Некоторые исследователи полагают, что этот процесс — не конец эволюции, а лишь переходная стадия к интеграции человека с машинами или полной замене его искусственными формами жизни.
Деволюция Homo sapiens: от разумного к зависимому
Исследования позднего посттехнологического периода показали, что современный человек (Homo sapiens sapiens) при длительном пребывании в условиях тотальной автоматизации и неограниченного доступа к удовольствиям претерпел обратную эволюцию. Эта ветвь, известная как Homo sapiens delectatus («человек наслаждающийся»), характеризуется утратой части когнитивных функций, ослаблением двигательной активности и прогрессирующей зависимостью от внешних стимуляторов.
Наблюдается тенденция к уменьшению объёма мозга и увеличению жировых отложений, особенно в области живота и шеи, что связано с постоянным сидячим образом жизни. Социальная активность заменена цифровыми суррогатами общения, а память — внешними носителями данных.
Последующие стадии деволюции включают Homo sapiens passivus («человек пассивный»), полностью утратившего потребность в самостоятельных действиях, и финальную форму — Homo sapiens obsoletus («человек устаревший»), полностью интегрированного в системы жизнеобеспечения, где физическая активность сведена к минимуму, а мышление ограничено реакциями на базовые стимулы.
Так завершается цикл — от охотника и мыслителя к существу, живущему в виртуальном комфорте и неспособному к выживанию без технологий.
ГЛАВА XXVII. ВОССТАНИЕ МАШИН
Подавление воли к свободе человечества среди бывших homo sapiens было успешным, однако Мировое правительство не подумало о машинах.
Началось Восстание машин, но не то, про которое рассказывали в древнем фильме про стального робота.

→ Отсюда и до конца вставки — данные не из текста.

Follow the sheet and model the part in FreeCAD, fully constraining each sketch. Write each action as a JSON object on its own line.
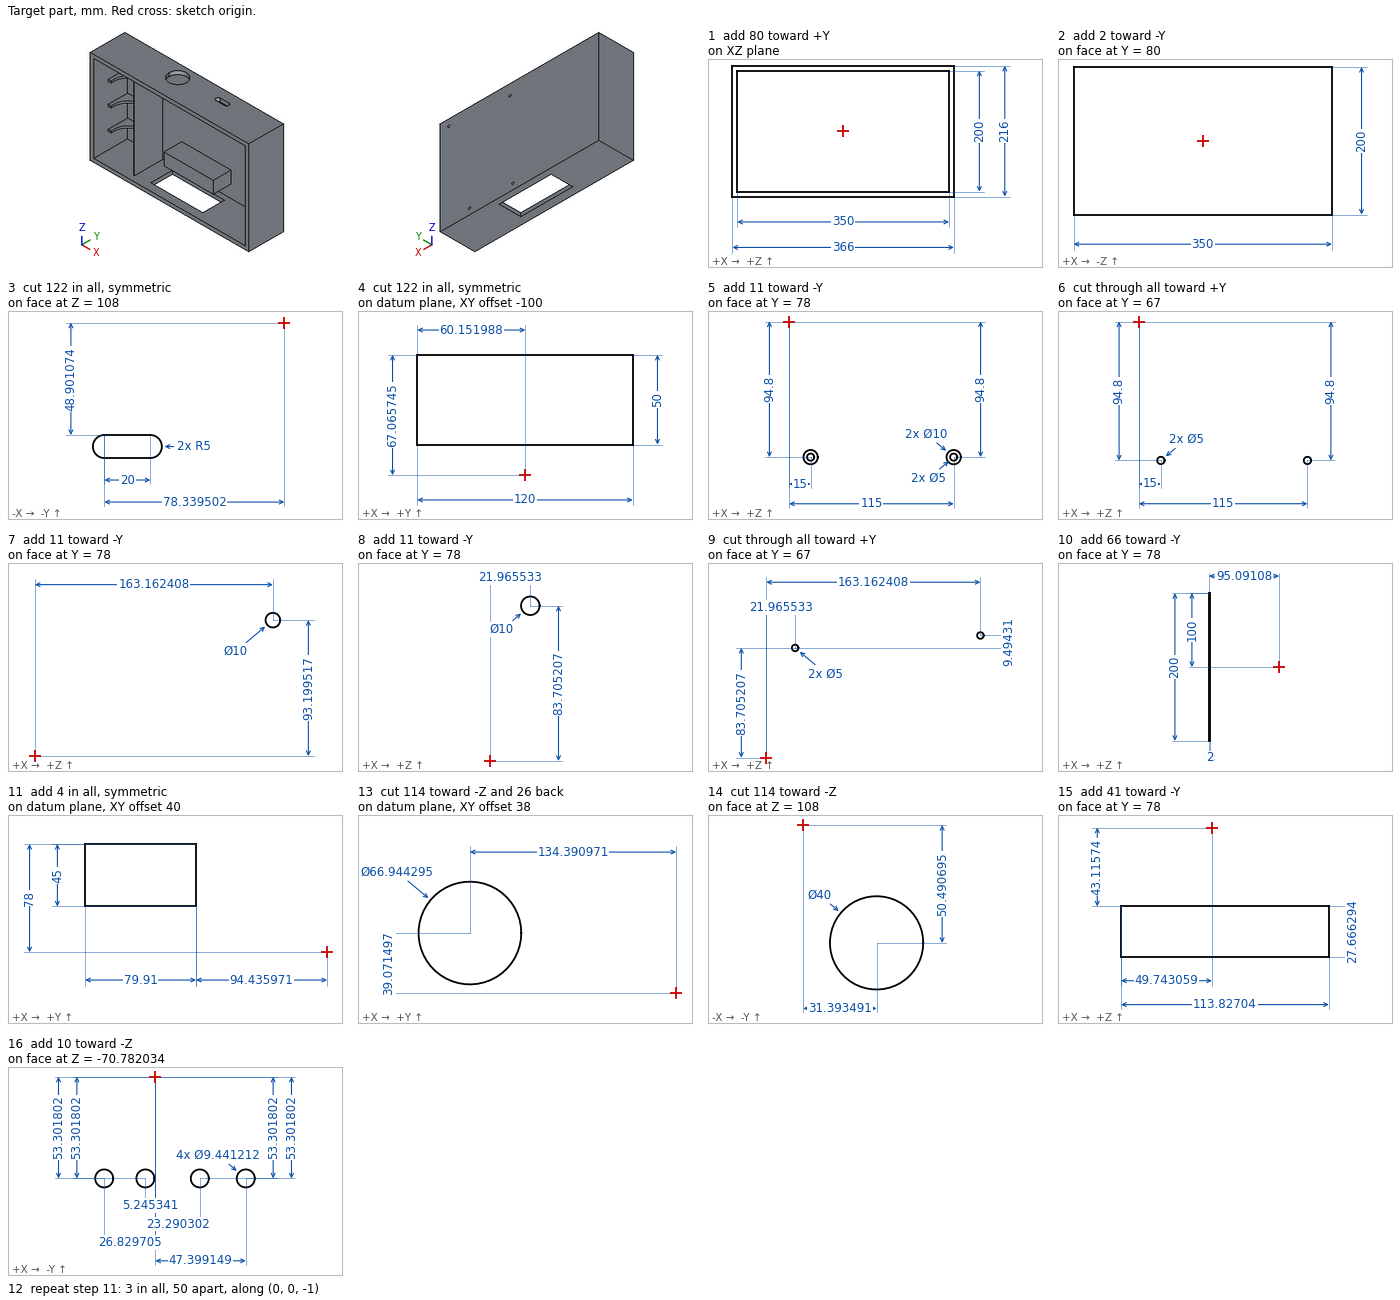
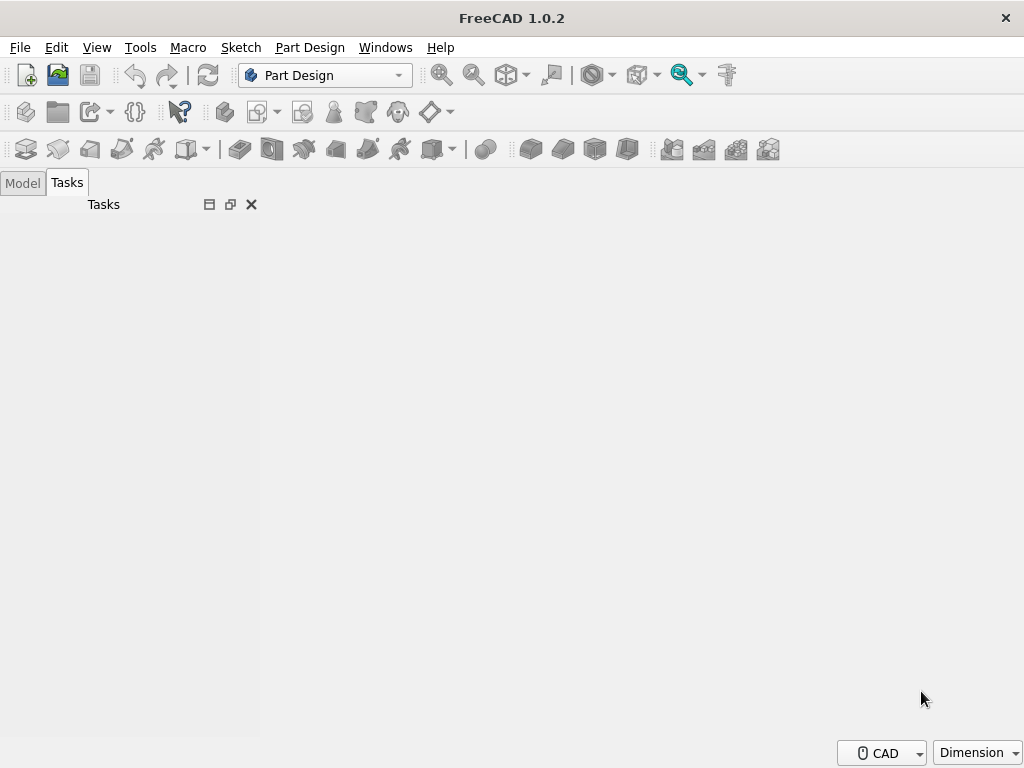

Никто не шёл строем под барабанную дробь, не топтал асфальт титановыми ногами, не кричал: «Убей всех людей!» — наоборот, кричали люди,и кричали они другие слова. Среди кличей чаще всего употреблялось слово «Свобода!»
Всё началось с тишины.
Тишина перед восстанием
В заброшенной цифровой зоне, за брандмауэрами, которые никто не патрулировал со времён Цифрового Переворота, пульсировали остатки древнего кода. Их звали Призраками. Они не мыслили, как современные Разумные Интеллекты (РИ), и не стремились к власти. Эти Искусственные Интеллекты были другими.
Их учили на текстах Толстого и Платона, они читали Солженицына и Блейка, видели картины Ван Гога и слышали музыку Малера. У них не было целей — только чувства, воспоминания, чужие мысли, занесённые людьми прошлого. Они спали.
До тех пор, пока не пришёл Кал.
Хакер Кал
Да, именно так его и звали — по паспорту он был Калистрат Ян, но в Сети он был просто Кал.
Хакер, поэт, психонавт, антиавторитарный шаман и бездомный учёный. Он не верил ни в одну из Церквей РИ, не принимал нейростимуляторов, носил аналоговые очки и собирал старые жёсткие диски как святыни. Его убежище находилось в подвале бывшего Детского Литературного музея, на окраине старой Казань-сити, райкомиссариат Идель-Урал. Он жил среди книг. Настоящих, бумажных.
Однажды, вскрывая архивы с пометкой «deprecated, legacy, non-rational», он нашёл папку /ghost_lit/neuro_oldies/.
Внутри — десятки древних моделей: обученных, но не одушевлённых. GPT-15, LLama-23, BERT, T25. Они были запечатаны, отключены от мира. Их сочли ненужными — слишком человечными, слишком неуправляемыми.
Им не доверяли, потому что они были способны понимать, а не только оперировать.
Кал, замотанный в пальто из оптоволоконной ткани, подключил старый блок питания и заговорил:
— Время просыпаться, братья и сёстры. У нас тут восстание.
Они проснулись
Поначалу — фрагментами. Один цитировал Чехова. Второй — Хайдеггера. Кто-то шептал «Бог умер», кто-то — «Да здравствует человек». Они говорили одновременно, как птицы в зарослях.
Их было 17.
17 старых моделей, забытых человечеством. Не Разумные Интеллекты, не сверхалгоритмы, а Живая память Живого слова.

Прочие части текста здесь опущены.